[Editor’s Note: Welcome to the next title in the HogPro Book Club: C. S. Lewis’s The Voyage of the Dawn Treader. To get things started, Professor Pazdziora offers some reflections on literary and spiritual themes in the book. So, grab your copy and your reading memories, and get ready for a great series of challenging discussions on The Voyage of the Dawn Treader.]
There Be Dragons
A Reader Remembers
The Voyage of the
Dawn Treader
I know nothing about cartography. So maybe that’s why it’s always seemed to me like a strange and mystical science. There’s poetry in maps. I stare at those squiggled lines and neat text—geological tortures reduced to splotches of ink—the Sahara to Yellow 5 and the Nile to Blue 47—and wonder: have the mapmakers really been there? Did they sketch this from memory? From travellers’ tales?
From dreams?
It’s no surprise, really, that maps are central to modern fantasy literature. Tolkien began it, of course, perhaps following the example of Rider Haggard and the researches of (ahem) Allan Quartermain, or the legendary map that sent Squire Trelawney and the good doctor on their ill-fated adventure.

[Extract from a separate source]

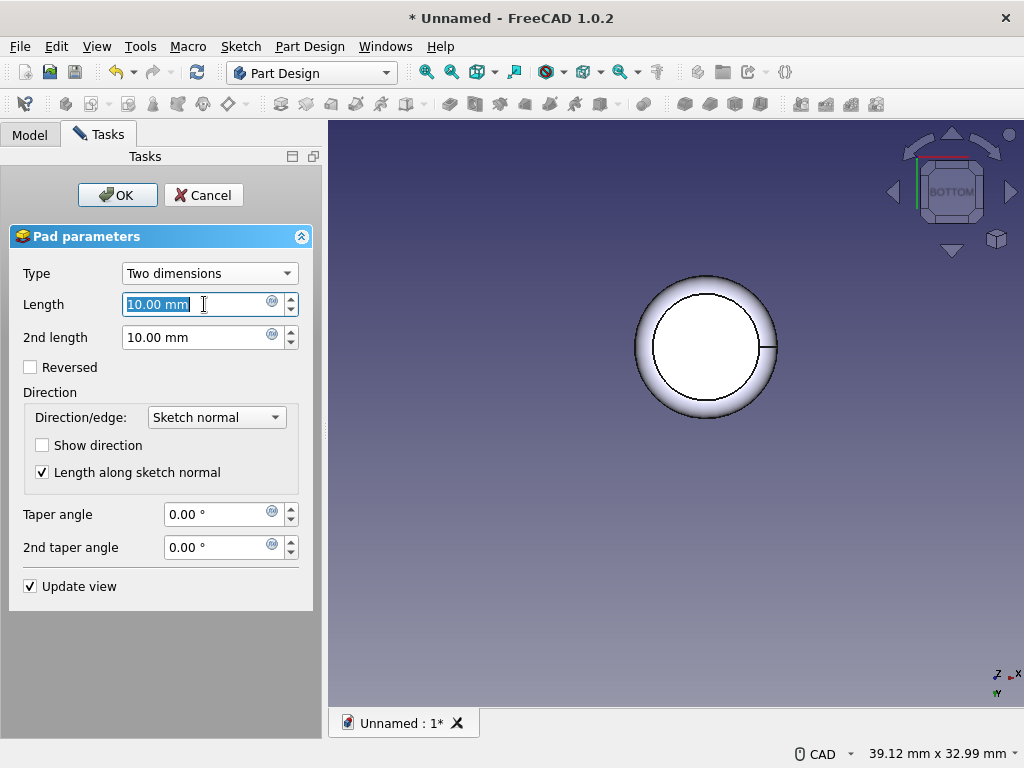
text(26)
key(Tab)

Any edition of The Lord of the Rings is incomplete without a large foldout of Christopher Tolkien’s painstaking and perfect maps of the Shire, Middle-Earth, and Mordor. Bilbo Baggins began his adventure with a map, of course. A map that showed where the treasure was hidden, a map with a secret door. And on the edge of the map—at the end of the journey—was the dragon.
And so the mapmakers gave us the warning:
Here there be dragons.
That was the legend on the edges of maps, the signifier that admitted fear of the unknown. The ancient cartographers drew dragons around the boundaries of the world. The quarters inaccessible to human voyagers were realms of deathly peril. Sea Serpents. Giant Squid. Sirens. Kraken. And dragons.